Oleh: Suratmi, S.Pd (Praktisi Pendidikan di Yogyakarta)
Akhir-akhir ini muncul polemik di masyarakat berkaitan dengan wacana penghapusan Pendidikan Agama di sekolah yang dimunculkan oleh salah satu tokoh terkenal di negeri ini.
Disebutkan bahwa agama sebaiknya diajarkan oleh orang tua masing-masing siswa atau oleh guru di luar sekolah karena dianggap bahwa pendidikan agama di sekolah dapat menyebabkan perpecahan setelah siswa mempelajari agama yang mereka anut sendiri-sendiri.
Tentu saja wacana ini menimbulkan reaksi keras dari berbagai kalangan. Bagaimana bisa Pendidikan Agama ditiadakan di sekolah sedangkan dalam dasar negara sila pertama tertulis jelas bahwa Indonesia adalah negara yang mengakui prinsip ketuhanan.
Dalam Undang-Undang Dasar 1945 juga sangat jelas disebutkan adanya pengakuan prinsip ketuhanan. Setiap warga negara bebas memeluk agama dan beribadah menurut agama masing-masing serta berhak mendapatkan pendidikan yang layak.
Berkaitan dengan wacana tersebut, ada sebuah pertanyaan yang muncul. Akan mungkinkah para pelajar di seluruh penjuru negeri ini memiliki pemahaman agama yang baik bila para siswa dibiarkan mempelajari agama mereka sendiri di luar lingkungan sekolah.
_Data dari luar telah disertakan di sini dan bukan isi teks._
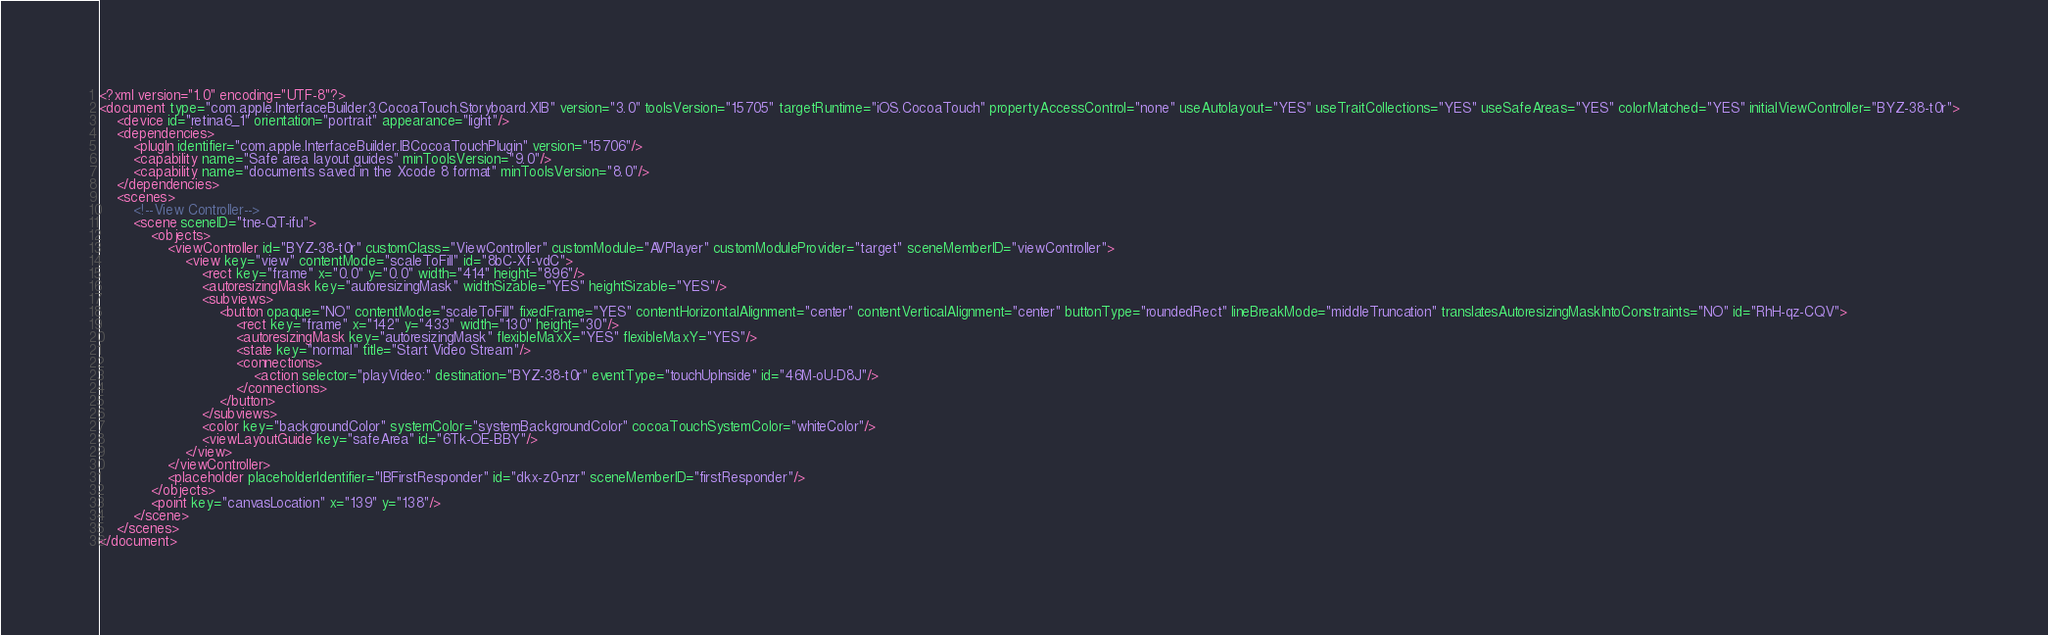Convert code to text. <code><loc_0><loc_0><loc_500><loc_500><_XML_><?xml version="1.0" encoding="UTF-8"?>
<document type="com.apple.InterfaceBuilder3.CocoaTouch.Storyboard.XIB" version="3.0" toolsVersion="15705" targetRuntime="iOS.CocoaTouch" propertyAccessControl="none" useAutolayout="YES" useTraitCollections="YES" useSafeAreas="YES" colorMatched="YES" initialViewController="BYZ-38-t0r">
    <device id="retina6_1" orientation="portrait" appearance="light"/>
    <dependencies>
        <plugIn identifier="com.apple.InterfaceBuilder.IBCocoaTouchPlugin" version="15706"/>
        <capability name="Safe area layout guides" minToolsVersion="9.0"/>
        <capability name="documents saved in the Xcode 8 format" minToolsVersion="8.0"/>
    </dependencies>
    <scenes>
        <!--View Controller-->
        <scene sceneID="tne-QT-ifu">
            <objects>
                <viewController id="BYZ-38-t0r" customClass="ViewController" customModule="AVPlayer" customModuleProvider="target" sceneMemberID="viewController">
                    <view key="view" contentMode="scaleToFill" id="8bC-Xf-vdC">
                        <rect key="frame" x="0.0" y="0.0" width="414" height="896"/>
                        <autoresizingMask key="autoresizingMask" widthSizable="YES" heightSizable="YES"/>
                        <subviews>
                            <button opaque="NO" contentMode="scaleToFill" fixedFrame="YES" contentHorizontalAlignment="center" contentVerticalAlignment="center" buttonType="roundedRect" lineBreakMode="middleTruncation" translatesAutoresizingMaskIntoConstraints="NO" id="RhH-qz-CQV">
                                <rect key="frame" x="142" y="433" width="130" height="30"/>
                                <autoresizingMask key="autoresizingMask" flexibleMaxX="YES" flexibleMaxY="YES"/>
                                <state key="normal" title="Start Video Stream"/>
                                <connections>
                                    <action selector="playVideo:" destination="BYZ-38-t0r" eventType="touchUpInside" id="46M-oU-D8J"/>
                                </connections>
                            </button>
                        </subviews>
                        <color key="backgroundColor" systemColor="systemBackgroundColor" cocoaTouchSystemColor="whiteColor"/>
                        <viewLayoutGuide key="safeArea" id="6Tk-OE-BBY"/>
                    </view>
                </viewController>
                <placeholder placeholderIdentifier="IBFirstResponder" id="dkx-z0-nzr" sceneMemberID="firstResponder"/>
            </objects>
            <point key="canvasLocation" x="139" y="138"/>
        </scene>
    </scenes>
</document>
</code> 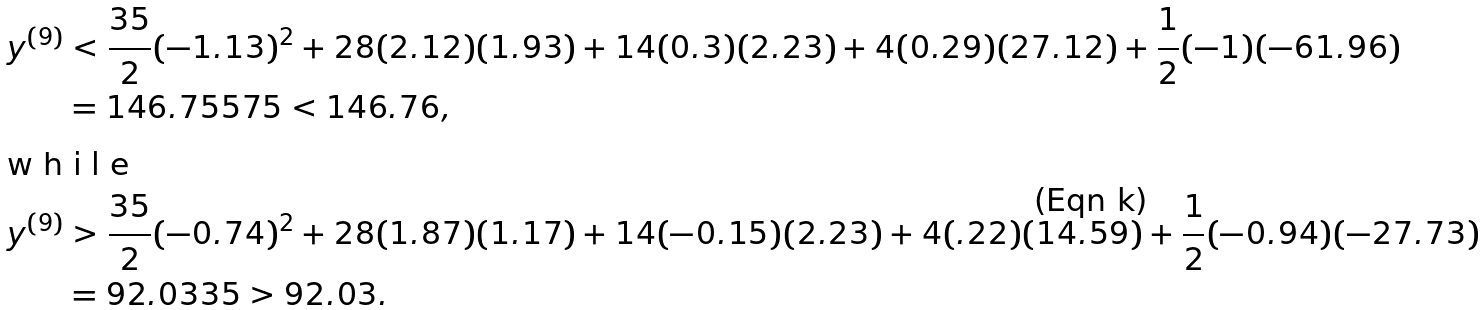Convert formula to latex. <formula><loc_0><loc_0><loc_500><loc_500>y ^ { ( 9 ) } & < \frac { 3 5 } { 2 } ( - 1 . 1 3 ) ^ { 2 } + 2 8 ( 2 . 1 2 ) ( 1 . 9 3 ) + 1 4 ( 0 . 3 ) ( 2 . 2 3 ) + 4 ( 0 . 2 9 ) ( 2 7 . 1 2 ) + \frac { 1 } { 2 } ( - 1 ) ( - 6 1 . 9 6 ) \\ & = 1 4 6 . 7 5 5 7 5 < 1 4 6 . 7 6 , \intertext { w h i l e } y ^ { ( 9 ) } & > \frac { 3 5 } { 2 } ( - 0 . 7 4 ) ^ { 2 } + 2 8 ( 1 . 8 7 ) ( 1 . 1 7 ) + 1 4 ( - 0 . 1 5 ) ( 2 . 2 3 ) + 4 ( . 2 2 ) ( 1 4 . 5 9 ) + \frac { 1 } { 2 } ( - 0 . 9 4 ) ( - 2 7 . 7 3 ) \\ & = 9 2 . 0 3 3 5 > 9 2 . 0 3 .</formula> 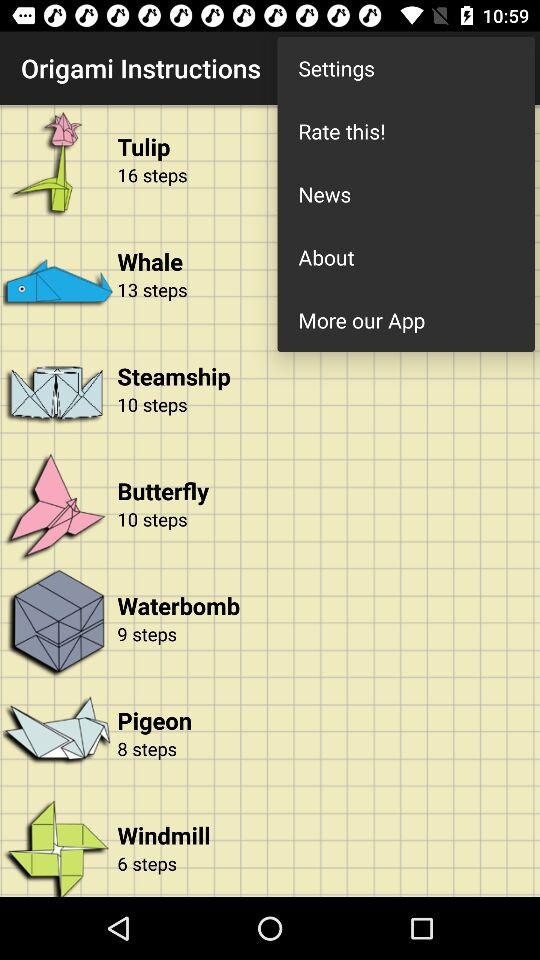How many more steps does the windmill have than the pigeon?
Answer the question using a single word or phrase. 2 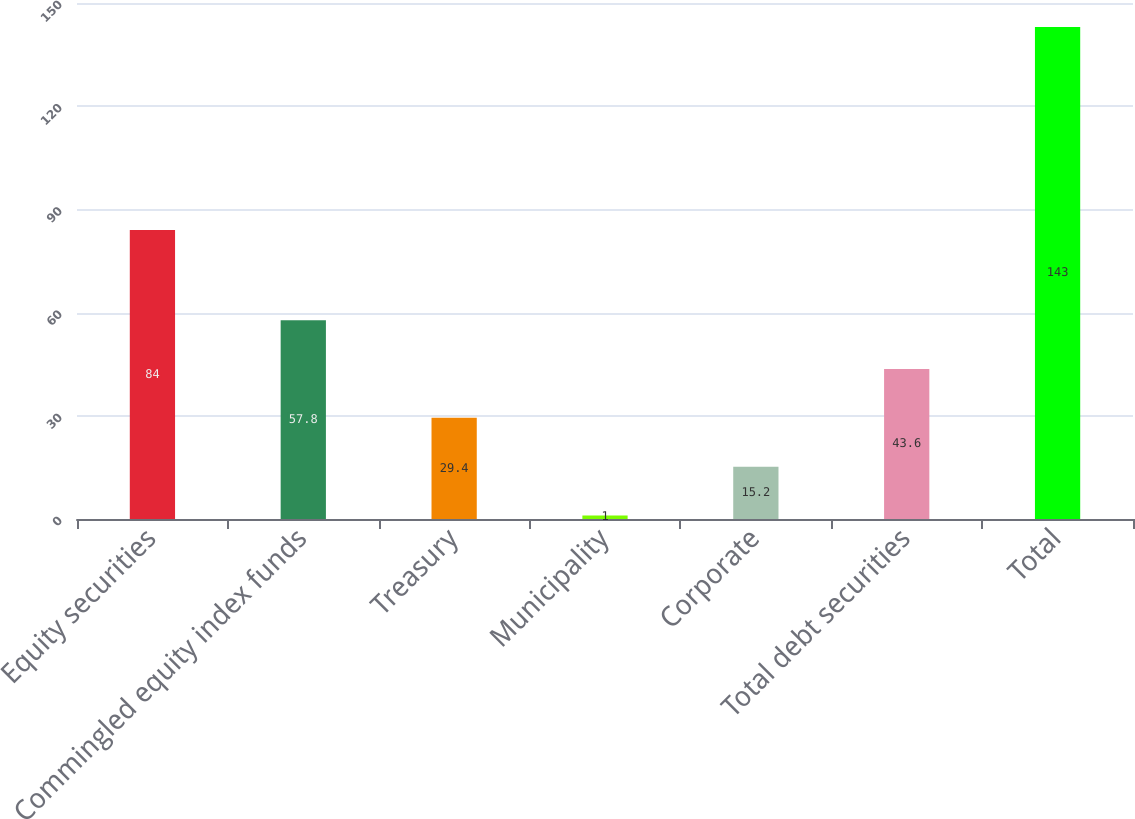Convert chart to OTSL. <chart><loc_0><loc_0><loc_500><loc_500><bar_chart><fcel>Equity securities<fcel>Commingled equity index funds<fcel>Treasury<fcel>Municipality<fcel>Corporate<fcel>Total debt securities<fcel>Total<nl><fcel>84<fcel>57.8<fcel>29.4<fcel>1<fcel>15.2<fcel>43.6<fcel>143<nl></chart>

Dengan penerapan sekolah lima hari, para siswa menghabiskan sebagian besar waktu mereka di sekolah dan pulang pada sore hari dengan kondisi yang sudah cukup lelah. Sampai di rumah, orang tua mereka belum tentu bisa membimbing mereka tentang pemahaman agama. Hal ini bisa terjadi karena kesibukan orang tua baik dalam mencari nafkah ataupun menyelesaikan pekerjaan rumah tangga masing-masing.
Selain itu, tidak semua orang tua memiliki pemahaman yang memadai dalam bidang keagamaan. Orang tua seperti ini mungkin malah merasa tidak percaya diri untuk membimbing. Lebih parahnya lagi, kadang anak-anak mereka malah tidak mau belajar dengan orang tua mereka sendiri. Dengan kondisi seperti ini, apakah para pelajar akan dapat mempelajari agama dengan caranya sendiri?
Dalam wacana penghapusan pendidikan agama juga disebutkan bahwa pengajaran agama di sekolah hanya menimbulkan sikap eksklusivisme, mengkotak-kotakkan siswa, sehingga siswa merasa bahwa mereka tidak sama dan dikhawatirkan akan menimbulkan perpecahan. Jelas sekali bahwa ini juga bukanlah alasan yang tepat.
Setiap agama memang harus dipelajari sendiri oleh masing-masing pemeluknya. Karena setiap umat beragama memiliki hak untuk mempelajari dan mengamalkan sesuai dengan ajaran agama masing-masing. Justru mereka harus diberi fasilitas sendiri.
Tidaklah mungkin semua siswa dalam satu sekolah hanya boleh mengikuti pelajaran satu agama saja. Yang perlu ditanamkan adalah munculnya rasa toleransi dan menghargai agama dan kepercayaan masing-masing. Bukan malah menyalahkan pemberian mata pelajaran agama di sekolah. Tidak ada yang salah dengan adanya materi pendidikan agama di sekolah.
Semoga wacana ini tidak mendapat angin segar dari para pengambil kebijakan di negeri ini sehingga para siswa di sekolah akan tetap mendapatkan pelajaran agama sesuai dengan agama dan kepercayaan masing-masing.
Tugas kita bersama untuk senantiasa menciptakan iklim yang sejuk di negeri ini dengan selalu mengedepankan sikap toleransi dan juga saling menghargai.